Anyway, Hamilton’s Facebook link to the story which was commented on almost immediately by Rob Nichols, a political operative from Lewiston and close personal friend of Ceretto’s, who made a disparaging remark about Ortt.

“Is it true that Ceretto has not commented on this?” Hamilton asked Nichols.

Ceretto did in fact comment. He just didn’t say anything. With the courage of conviction of a man who was a Democrat who turned Republican and then changed back into a Democrat, he said he wanted to know more about Ortt’s proposal.

“Of course I’d be interested in helping the city, but I’d suggest Rob Ortt get a hold of us and talk to us,” Ceretto told the Buffalo News.

“I didn’t know about this plan,” he told the Gazette, despite the fact that the News had run a major article on it the day before. “Anytime you’re fighting for monies for our area, it’s a good thing — but it works better when working as a team.”

So instead of saying something along the lines of, “Yeah, I’m in favor of the biggest city in my district getting three times the money it is now,” Ceretto backhanded Ortt for not calling him before making his announcement.

But Ortt had in fact called. He had scheduled a meeting on the subject Ceretto had chosen not to attend.

Amazingly, after repeated attempts by the Niagara Falls Reporter to contact him for this edition were unsuccessful, Ceretto issued a statement Wednesday on the matter, but stopped short of endorsing the planned bill, saying he needs more information.
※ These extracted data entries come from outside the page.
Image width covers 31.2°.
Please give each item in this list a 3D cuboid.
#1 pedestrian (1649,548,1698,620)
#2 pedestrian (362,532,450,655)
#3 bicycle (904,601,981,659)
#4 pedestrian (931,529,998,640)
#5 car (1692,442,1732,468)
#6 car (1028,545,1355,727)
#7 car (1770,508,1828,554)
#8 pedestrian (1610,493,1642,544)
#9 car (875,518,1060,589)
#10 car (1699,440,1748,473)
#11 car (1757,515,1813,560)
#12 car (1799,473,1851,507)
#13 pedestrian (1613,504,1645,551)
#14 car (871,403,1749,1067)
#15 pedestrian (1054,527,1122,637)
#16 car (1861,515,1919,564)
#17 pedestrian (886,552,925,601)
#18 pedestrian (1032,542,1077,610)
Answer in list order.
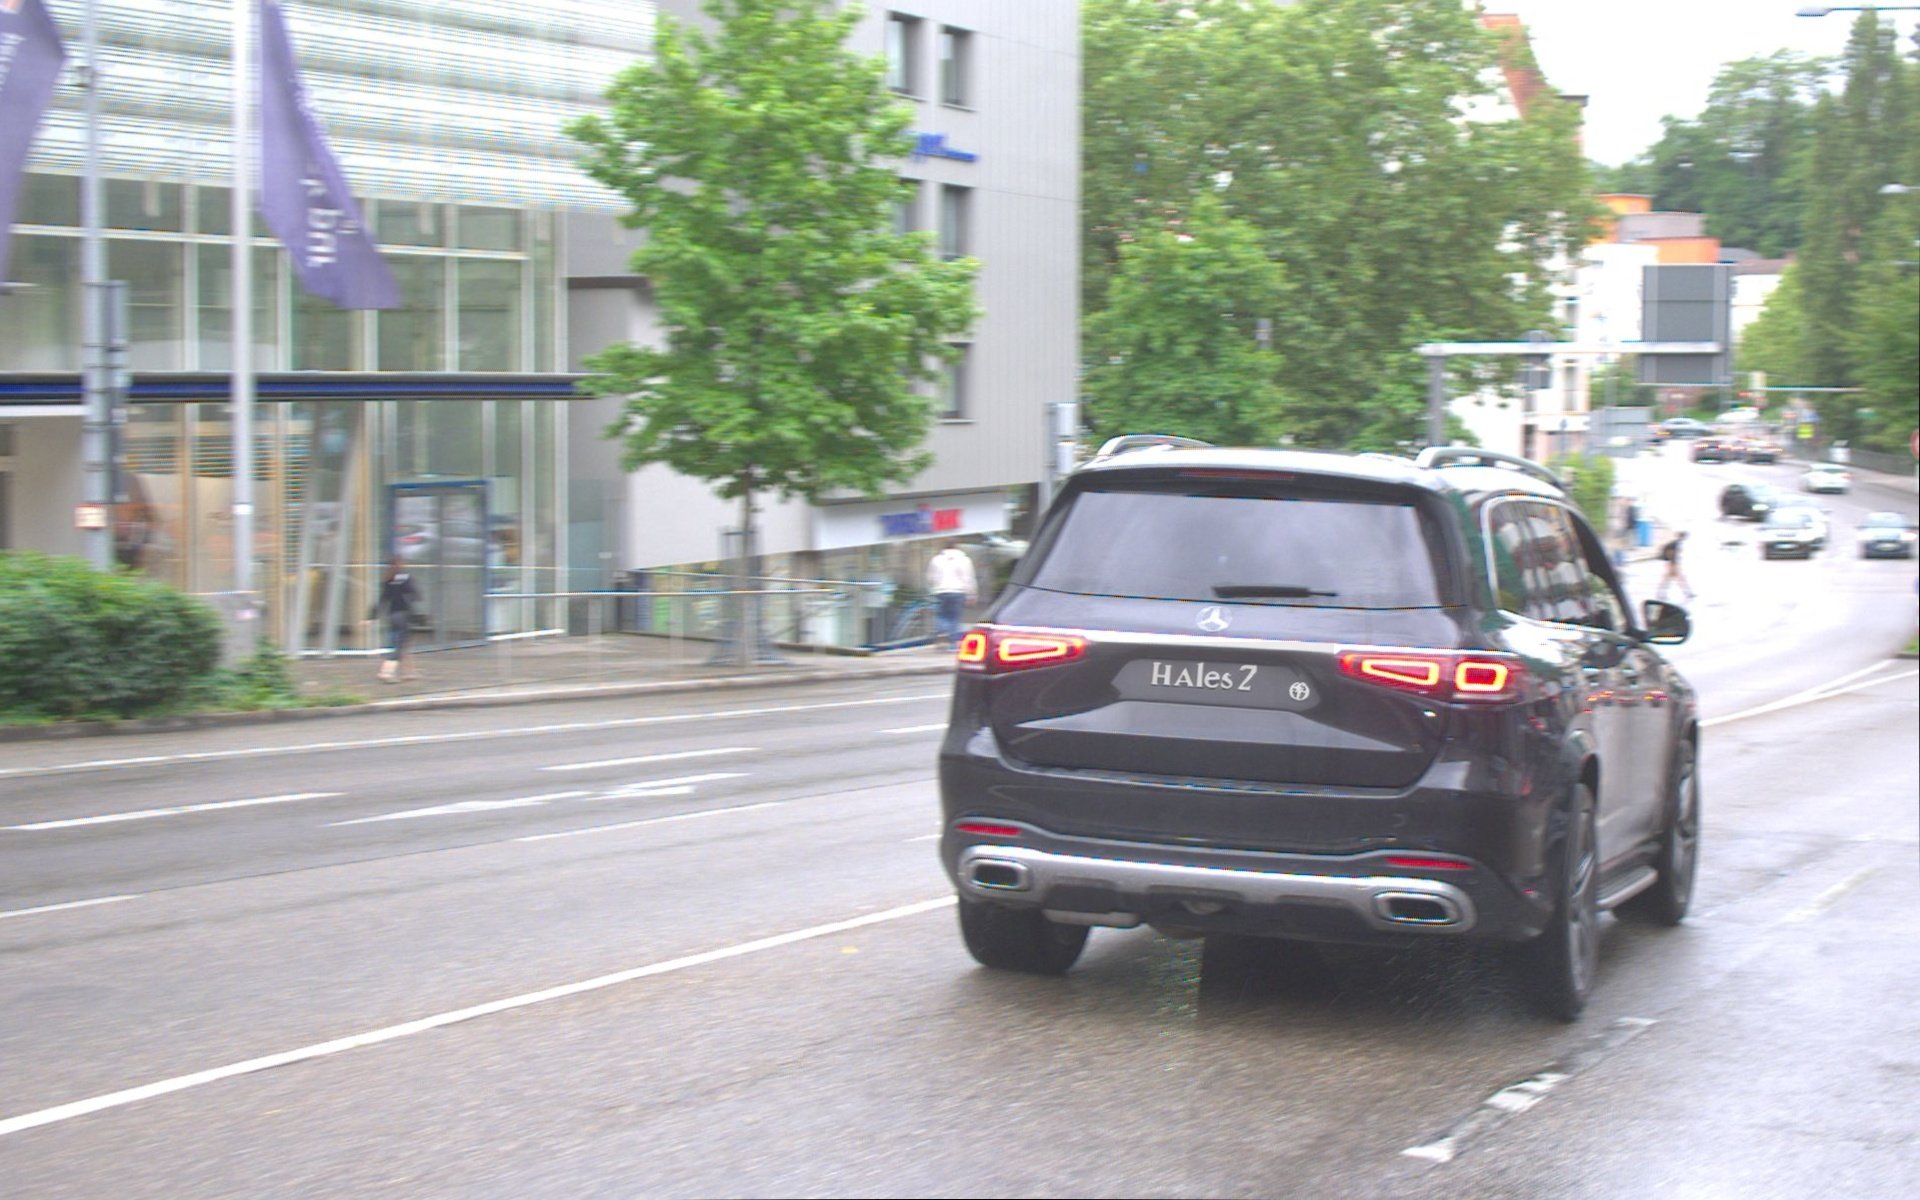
[{"bbox_3d":[18.883,-0.434,90.934,1.064,1.875,0.837,1,1,26],"label":"pedestrian"},{"bbox_3d":[-6.635,-0.087,41.163,0.653,1.451,0.843,1,1,27],"label":"pedestrian"},{"bbox_3d":[-0.333,0.582,68.401,0.612,1.083,2.668,3,1,20],"label":"bicycle"},{"bbox_3d":[0.069,-0.258,54.024,0.993,1.716,1.038,1,1,2],"label":"pedestrian"},{"bbox_3d":[46.538,-8.973,212.889,1.749,1.549,3.569,2,2,2],"label":"car"},{"bbox_3d":[2.195,0.280,31.526,1.843,1.547,4.089,0,1,21],"label":"car"},{"bbox_3d":[29.917,-2.461,122.682,1.778,1.544,3.998,2,2,11],"label":"car"},{"bbox_3d":[23.596,-2.888,121.849,0.902,1.796,0.628,0,1,-21],"label":"pedestrian"},{"bbox_3d":[0.228,-1.378,100.342,5.073,1.753,1.999,4,1,8],"label":"car"},{"bbox_3d":[49.151,-9.255,221.285,1.993,2.006,4.001,2,2,-3],"label":"car"},{"bbox_3d":[27.673,-2.100,115.369,1.707,1.446,3.859,2,2,12],"label":"car"},{"bbox_3d":[43.510,-5.528,172.988,1.994,1.590,3.999,2,2,7],"label":"car"},{"bbox_3d":[23.398,-2.537,120.228,0.923,1.602,0.564,0,1,-21],"label":"pedestrian"},{"bbox_3d":[1.504,0.329,12.364,2.089,1.810,4.788,3,2,18],"label":"car"},{"bbox_3d":[2.035,-0.294,54.515,0.816,1.707,1.312,1,1,13],"label":"pedestrian"},{"bbox_3d":[31.177,-2.017,115.117,1.821,1.544,3.997,2,2,15],"label":"car"},{"bbox_3d":[-1.433,-0.629,90.266,0.948,1.268,0.760,1,1,-6],"label":"pedestrian"},{"bbox_3d":[2.405,-0.618,87.569,0.759,1.716,0.950,1,1,33],"label":"pedestrian"}]

“I have reached out to the senator’s office for more information, and I look forward to reviewing the details and specifics of this proposal to see if it is the best option for our community.”

Dyster refused to return calls seeking comment from both the News and the Gazette, but in a stroke of genius, the Niagara Falls Reporter called him Tuesday using an out of state number he was unfamiliar with.

He picked up his phone and this reporter identified himself, then asked the all-important question.

“Have you been in contact with Sen. Ortt about his casino revenue plan?” I asked.

“I…I… I’ll have to get back to you on that,” he stammered.

The phone went dead in my ear.

It’s been nine days now since Ortt announced his plan, and the silence coming from both the Ceretto and Dyster camps – otherwise known as the Cuomo camp — has been deafening.

That $600 million that Albany got for Niagara Falls having a casino bought a lot of something. We’re not certain what exactly it bought, or for whom, but the long silence of Ceretto and Dyster speaks volumes.